I like a good story regardless of genre.

Mary: What are your strengths as a producer?

Summer: I have been fortunate to collaborate with amazing writer/directors and work on projects from development to distribution. I have a strong background in physical production so I can take an abstract idea and figure out how to make it tangible onscreen. I have learned from great mentors (Ramin Bahrani, Anne Carey, Declan Baldwin, Louise Lovegrove and through Fellowships with the Sundance Institute and Film Independent) that a film is made several times –on the page, on the set, in the edit room, in the sound mix and in front of an audience—all require a producer to understand how to preserve the vision of the film within every iteration and know how to support a director through every incarnation. I like helping people, so I wanted to learn how to make a movie soup to nuts exposing myself to both the creative and the technical side as much as possible so I can lead and support everyone throughout the process.

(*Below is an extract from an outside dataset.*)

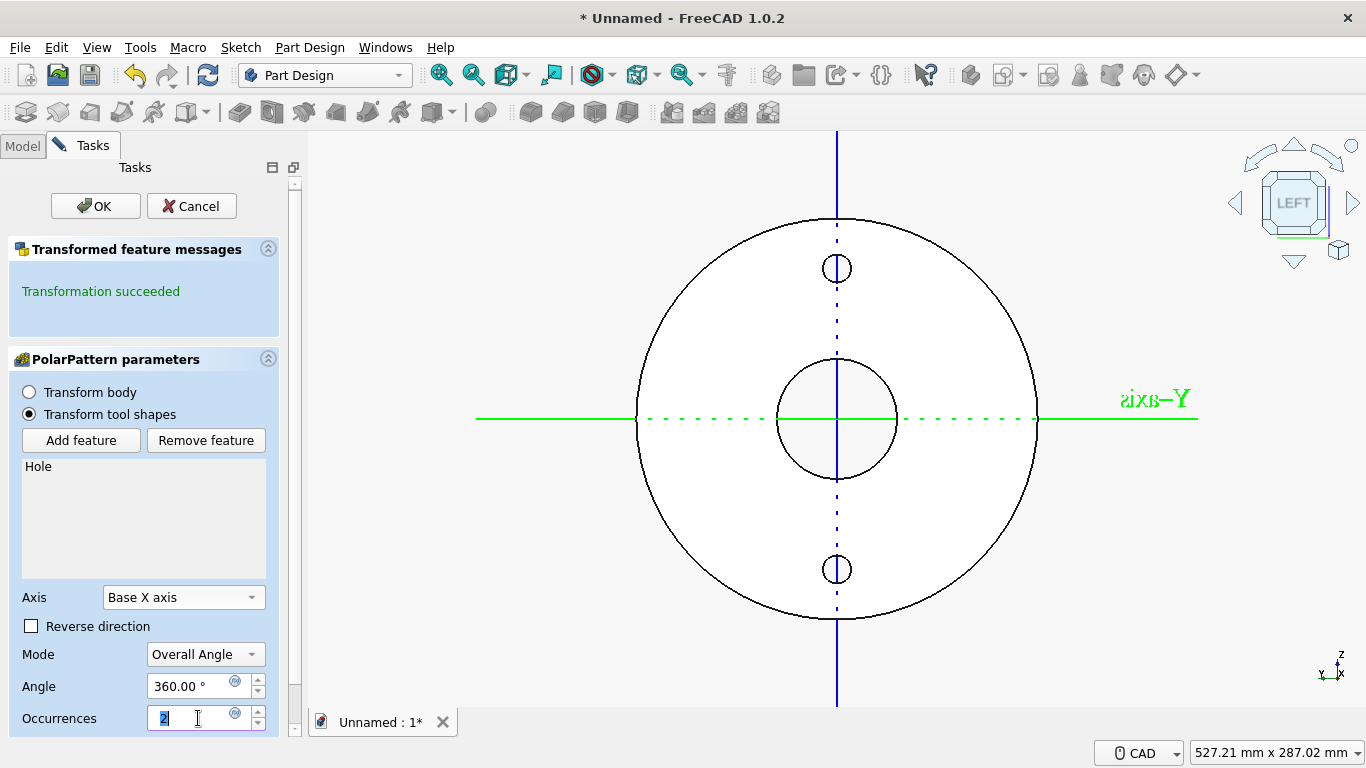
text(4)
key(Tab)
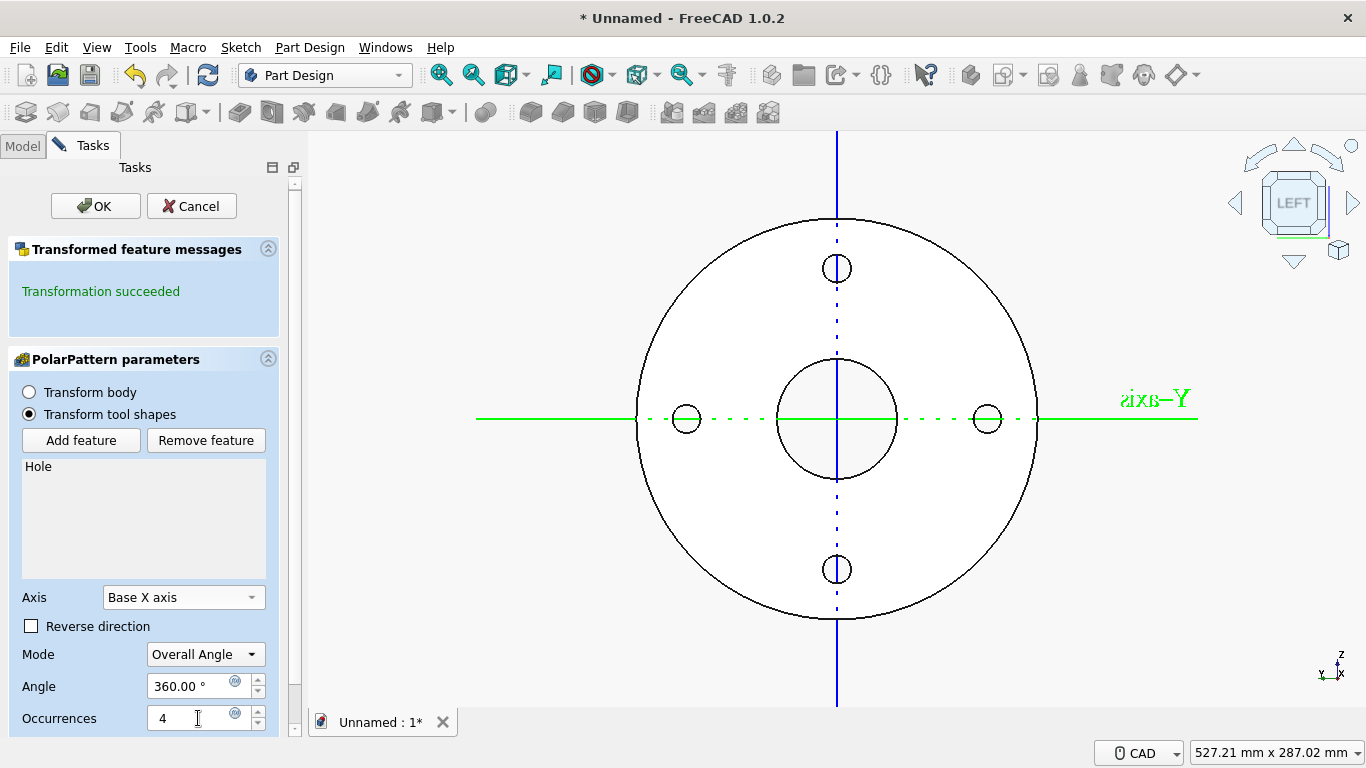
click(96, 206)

Mary: I know you were a teacher in North Carolina before you decided to make a career change. When did you decide the film business was for you, and what path did you take to get where you are?

Summer: I never aspired to be a filmmaker; I didn’t really know what it meant to make a career out of making movies. I thought you just had to be in them. So I start out trying to be an actress, doing some auditions, acting in a few things and in undergraduate study at Pfeiffer University, I did a lot of theater, but while there in theory classes, I became fascinated by the power of words and images. I thought I would have a career in marketing or advertising. I continued my studies in Liberal Arts at Wake Forest University where I got my Master’s as I taught high school English.

After I got all the degrees I thought I needed as a safety net, I was just at the age where I thought why not go to film school for a year and see what happens. It was a now or never type of thing. Lucky for me it was during that year of film school at UNC School of the Arts that Ramin Bahrani (Winston-Salem native) came back to make his third feature Goodbye Solo. He needed someone to help doing local casting. Making that film and working with him over the next several years was my other film school, I learned so much from him. He is so smart and generous with his knowledge. Since then, getting where I am has been just seizing every opportunity and just going for it. I feel like I have just spirited an eight-year marathon making movies all over the place. It is great to be back here with the opening of Little Accidents while also doing a guest adjunct position at UNCSA for the next few weeks. I have always loved teaching and giving back in what ways I can to help others.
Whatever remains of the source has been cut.